Тем временем Волынский уладил семейные дела — лично объяснился с невестой в Петербурге, получил ее согласие, был помолвлен — и в октябре 1720 года прибыл в Астрахань. Там губернатор энергично взялся за дело, но рассчитанная на долгую перспективу программа так и осталась до конца невыполненной. Волынский доставил в Петербург «шафранное коренье», и царь повелел посадить его у себя в оранжерее в надежде получить «плод». Но астраханский климат помешал добиться фруктового изобилия, а тамошняя почва оказалась непригодной для доставленной из Азербайджана лозы. Не доходили руки и до благоустройства самого города, тем более что снабжение отдаленного края было из рук вон плохим, «…крепость здешняя во многих местах развалилась и худа вся; в полках здешних, в пяти, ружья только с 2000 фузей с небольшим годных, а прочее никуда не годится; а мундиру как на драгунах, так и на солдатах, кроме одного полку, ни на одном нет, и ходят иные в балахонах, которых не давано лет более десяти, а вычтено у них на мундир с 34 000 рублей, которые в Казани и пропали; а провианту нашел я только 300 четвертей. Итак, всемилостивейшая государыня, одним словом донесть, и знаку того нет, как надлежит быть пограничным крепостям, и, на что ни смотрю, за все видимая беда мне, которой миновать невозможно, ибо ни в три года нельзя привесть в добрый порядок; а куда о чем отсюда написано, ниоткуды никакой резолюции нет, и уже поистине, всемилостивая мать, не знаю, что и делать, понеже вижу, что все останутся в стороне, а мне одному, бедному, ответствовать будет», — жаловался новый губернатор Екатерине в июне 1721 года{96}.
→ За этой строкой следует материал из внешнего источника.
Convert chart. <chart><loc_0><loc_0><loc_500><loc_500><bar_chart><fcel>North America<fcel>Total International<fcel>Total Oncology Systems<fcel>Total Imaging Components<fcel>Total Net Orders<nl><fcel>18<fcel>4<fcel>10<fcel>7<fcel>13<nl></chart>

Не будучи человеком «книжным», Артемий Петрович тем не менее обладал свойственным и самому царю даром ярко и образно выражать свои мысли, что выгодно отличает его послания от суховатых и деловых писем его современников. Ту же Екатерину он просил замолвить за него перед Петром слово, «дабы мне повелено было по возвращении моем из Терека быть в будущей зиме ко двору вашего величества, а поистине к тому не так влечет меня собственная нужда, как дела ваши того требуют, ибо надобно везде самому быть, а без того, вижу, ничто не делается; если же впредь ко взысканию, то, чаю, одному мне оставаться будет». Он искал у царицы сочувствия: «Ношу честь паче меры и достоинства моего, однако ж клянусь Богом, что со слезами здесь бедную жизнь мою продолжаю, так что иногда животу моему не рад, понеже, что ни есть здесь, все разорено и опущено, а исправить невозможно, ибо в руках ничего нет; к тому ж наслал на меня Бог таких диких соседей, которых дела и поступки не человеческие, но самые зверские, и рвут у меня во все стороны; я не чаю, чтоб которая подобна губерния делами была здешнему пропастному месту, понеже кроме губернских дел, война здесь непрестанная, а людей у меня зело мало, и те наги и не вооружены. Также в прочих губерниях определены губернаторам в помощь камериры, ронтмейстеры и земские судьи, а у меня никого нет, и во всех делах принужден сам трудиться, так что истинно перо из рук моих не выходит… также здешнего порта флот, и вся коммерция, и при том рыбные и соляные дела, моего ж труда требуют; и тако ежели ваше величество не сотворите надо мною бедным милость, то я поистине или пропаду, или остатнего ума лишен буду; я подпишуся в том на смерть, что не токмо моему такому слабому малолетнему уму, но, кто б какой остроты ни был, один всех управить не может, хотя бы как ни трудился. Однако ж не знаю, как и мне больше того трудиться, понеже и так застал уже достаточным чернецом и богомольцем и такую регулу держу, что из двора никуды не выхожу, кроме канцелярии, да изредка в церковь».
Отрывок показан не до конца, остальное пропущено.